» Description of the task:
Set down all of the entries below word for word, with the pictures left out.

(Records from a data collection)
-------
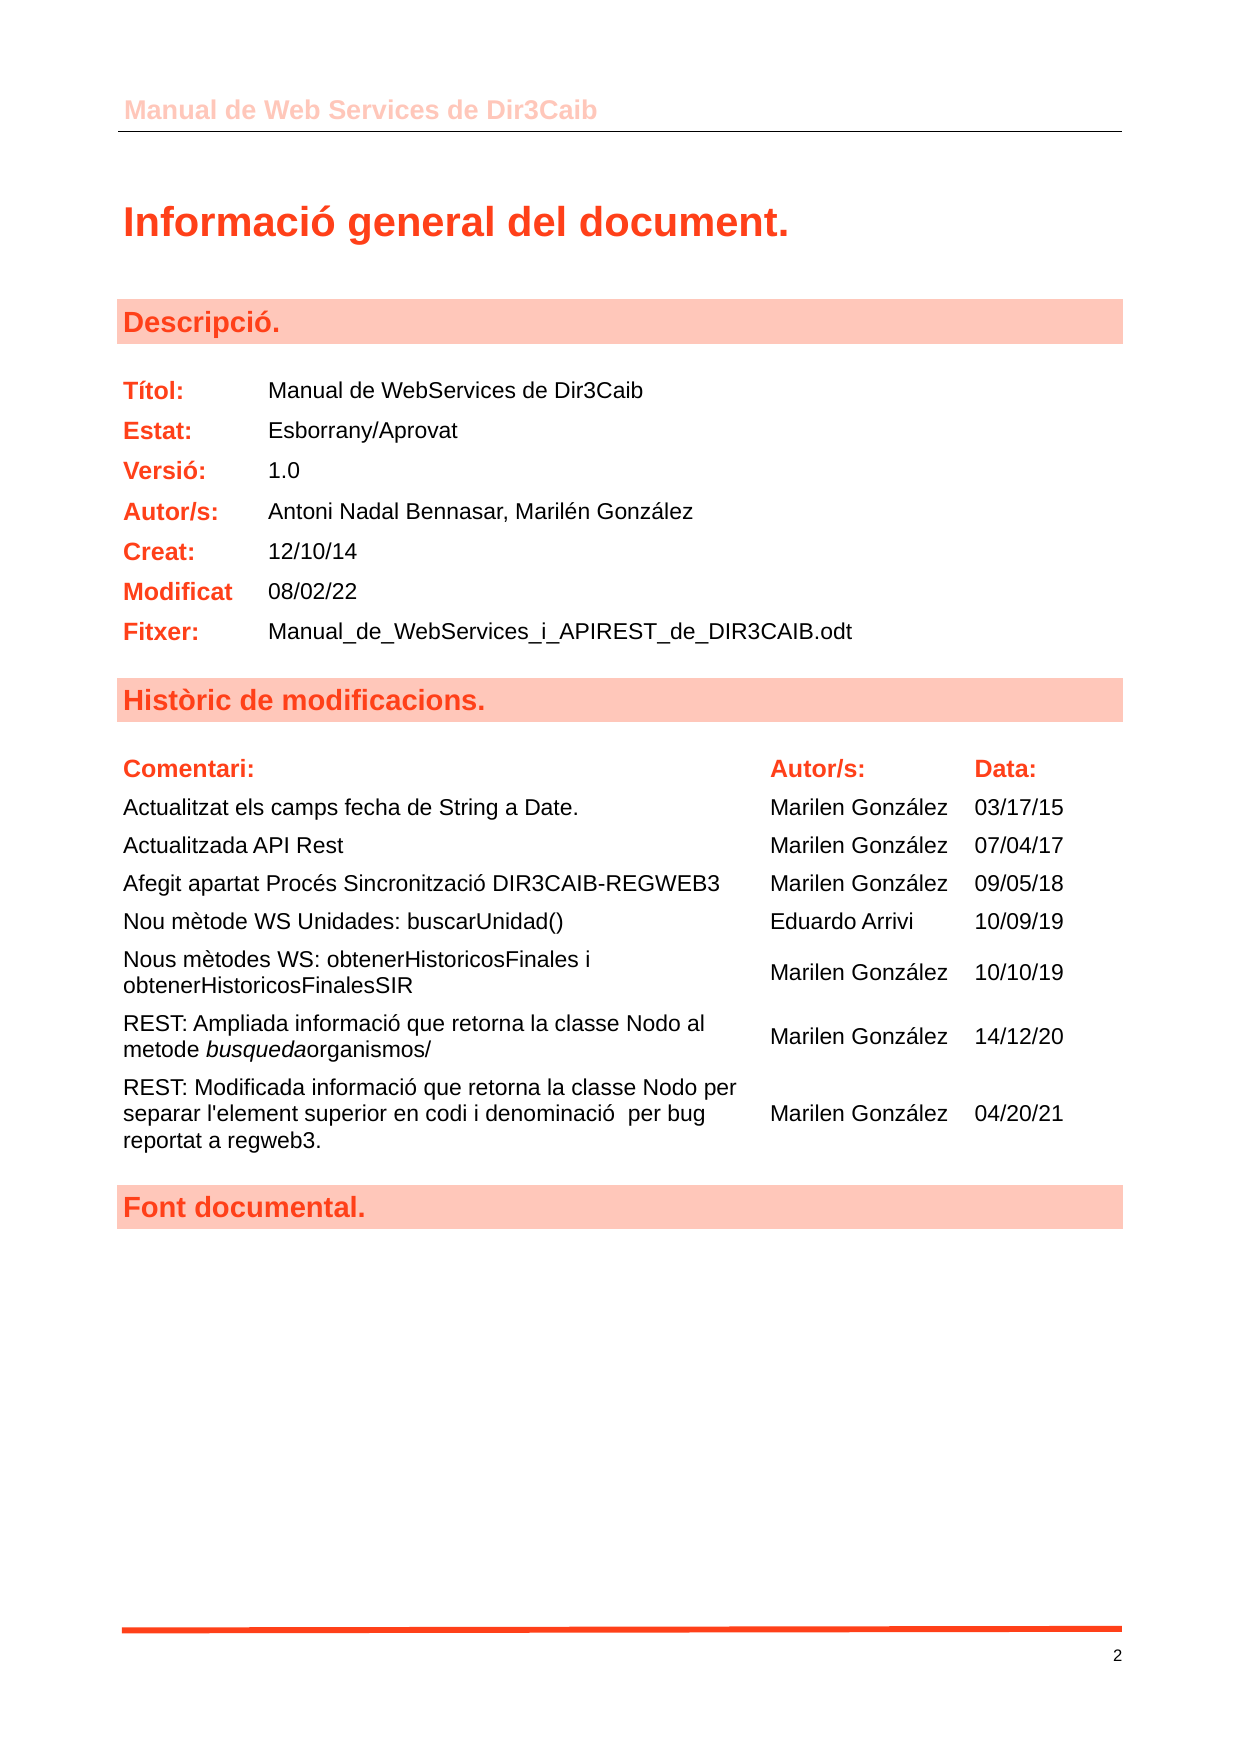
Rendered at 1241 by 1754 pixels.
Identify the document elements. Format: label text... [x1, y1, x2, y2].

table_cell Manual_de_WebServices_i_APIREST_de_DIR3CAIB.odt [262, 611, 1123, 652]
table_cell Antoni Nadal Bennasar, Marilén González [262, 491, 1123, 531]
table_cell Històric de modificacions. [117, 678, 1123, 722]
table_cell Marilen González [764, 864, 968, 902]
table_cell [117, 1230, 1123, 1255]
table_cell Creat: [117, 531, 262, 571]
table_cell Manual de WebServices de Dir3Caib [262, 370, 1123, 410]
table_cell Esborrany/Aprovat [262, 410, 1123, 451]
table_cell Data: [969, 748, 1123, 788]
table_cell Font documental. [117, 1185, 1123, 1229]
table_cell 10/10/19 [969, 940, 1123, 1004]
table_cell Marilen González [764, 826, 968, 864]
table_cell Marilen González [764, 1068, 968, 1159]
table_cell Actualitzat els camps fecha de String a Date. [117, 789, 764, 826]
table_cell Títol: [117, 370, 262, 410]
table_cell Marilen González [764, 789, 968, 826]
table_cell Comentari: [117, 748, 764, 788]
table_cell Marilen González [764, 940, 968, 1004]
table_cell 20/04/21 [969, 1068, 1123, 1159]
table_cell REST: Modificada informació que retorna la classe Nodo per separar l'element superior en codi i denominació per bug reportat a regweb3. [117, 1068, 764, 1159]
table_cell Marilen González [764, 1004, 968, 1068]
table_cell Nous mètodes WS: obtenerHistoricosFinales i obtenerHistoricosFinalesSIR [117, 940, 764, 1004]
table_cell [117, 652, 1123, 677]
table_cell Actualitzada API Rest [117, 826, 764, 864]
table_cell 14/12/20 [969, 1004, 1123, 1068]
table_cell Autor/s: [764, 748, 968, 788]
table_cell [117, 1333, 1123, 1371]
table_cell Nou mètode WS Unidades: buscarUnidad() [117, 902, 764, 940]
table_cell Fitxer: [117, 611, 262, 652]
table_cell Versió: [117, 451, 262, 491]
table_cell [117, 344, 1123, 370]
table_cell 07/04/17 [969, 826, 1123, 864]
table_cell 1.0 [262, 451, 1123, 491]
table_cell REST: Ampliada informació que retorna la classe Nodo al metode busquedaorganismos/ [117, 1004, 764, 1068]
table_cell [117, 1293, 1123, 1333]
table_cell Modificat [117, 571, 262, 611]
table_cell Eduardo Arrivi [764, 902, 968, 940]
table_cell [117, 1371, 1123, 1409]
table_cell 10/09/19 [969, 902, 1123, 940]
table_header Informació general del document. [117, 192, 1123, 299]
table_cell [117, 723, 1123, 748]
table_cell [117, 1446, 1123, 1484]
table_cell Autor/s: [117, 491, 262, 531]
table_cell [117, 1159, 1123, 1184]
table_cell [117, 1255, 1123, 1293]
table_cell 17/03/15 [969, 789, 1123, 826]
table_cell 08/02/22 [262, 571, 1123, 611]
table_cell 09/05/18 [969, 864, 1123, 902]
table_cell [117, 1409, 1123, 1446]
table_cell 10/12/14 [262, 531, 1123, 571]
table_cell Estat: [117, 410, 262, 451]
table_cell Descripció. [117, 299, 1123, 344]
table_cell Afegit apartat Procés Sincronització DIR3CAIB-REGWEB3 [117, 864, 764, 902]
-------
» Written solution:
Rendered at 1241 by 1754 pixels.
Identify the document elements. Format: label text... [x1, y1, x2, y2].

table_cell Manual_de_WebServices_i_APIREST_de_DIR3CAIB.odt [262, 611, 1123, 652]
table_cell Antoni Nadal Bennasar, Marilén González [262, 491, 1123, 531]
table_cell Històric de modificacions. [117, 678, 1123, 722]
table_cell Marilen González [764, 864, 968, 902]
table_cell [117, 1230, 1123, 1255]
table_cell Creat: [117, 531, 262, 571]
table_cell Manual de WebServices de Dir3Caib [262, 370, 1123, 410]
table_cell Esborrany/Aprovat [262, 410, 1123, 451]
table_cell Data: [969, 748, 1123, 788]
table_cell Font documental. [117, 1185, 1123, 1229]
table_cell 10/10/19 [969, 940, 1123, 1004]
table_cell Marilen González [764, 826, 968, 864]
table_cell Marilen González [764, 1068, 968, 1159]
table_cell Actualitzat els camps fecha de String a Date. [117, 789, 764, 826]
table_cell Títol: [117, 370, 262, 410]
table_cell Marilen González [764, 789, 968, 826]
table_cell Comentari: [117, 748, 764, 788]
table_cell Marilen González [764, 940, 968, 1004]
table_cell 20/04/21 [969, 1068, 1123, 1159]
table_cell REST: Modificada informació que retorna la classe Nodo per separar l'element superior en codi i denominació per bug reportat a regweb3. [117, 1068, 764, 1159]
table_cell Marilen González [764, 1004, 968, 1068]
table_cell Nous mètodes WS: obtenerHistoricosFinales i obtenerHistoricosFinalesSIR [117, 940, 764, 1004]
table_cell [117, 652, 1123, 677]
table_cell Actualitzada API Rest [117, 826, 764, 864]
table_cell 14/12/20 [969, 1004, 1123, 1068]
table_cell Autor/s: [764, 748, 968, 788]
table_cell [117, 1333, 1123, 1371]
table_cell Nou mètode WS Unidades: buscarUnidad() [117, 902, 764, 940]
table_cell Fitxer: [117, 611, 262, 652]
table_cell Versió: [117, 451, 262, 491]
table_cell [117, 344, 1123, 370]
table_cell 07/04/17 [969, 826, 1123, 864]
table_cell 1.0 [262, 451, 1123, 491]
table_cell REST: Ampliada informació que retorna la classe Nodo al metode busquedaorganismos/ [117, 1004, 764, 1068]
table_cell [117, 1293, 1123, 1333]
table_cell Modificat [117, 571, 262, 611]
table_cell Eduardo Arrivi [764, 902, 968, 940]
table_cell [117, 1371, 1123, 1409]
table_cell 10/09/19 [969, 902, 1123, 940]
table_header Informació general del document. [117, 192, 1123, 299]
table_cell [117, 723, 1123, 748]
table_cell [117, 1446, 1123, 1484]
table_cell Autor/s: [117, 491, 262, 531]
table_cell [117, 1159, 1123, 1184]
table_cell [117, 1255, 1123, 1293]
table_cell 17/03/15 [969, 789, 1123, 826]
table_cell 08/02/22 [262, 571, 1123, 611]
table_cell 09/05/18 [969, 864, 1123, 902]
table_cell [117, 1409, 1123, 1446]
table_cell 10/12/14 [262, 531, 1123, 571]
table_cell Estat: [117, 410, 262, 451]
table_cell Descripció. [117, 299, 1123, 344]
table_cell Afegit apartat Procés Sincronització DIR3CAIB-REGWEB3 [117, 864, 764, 902]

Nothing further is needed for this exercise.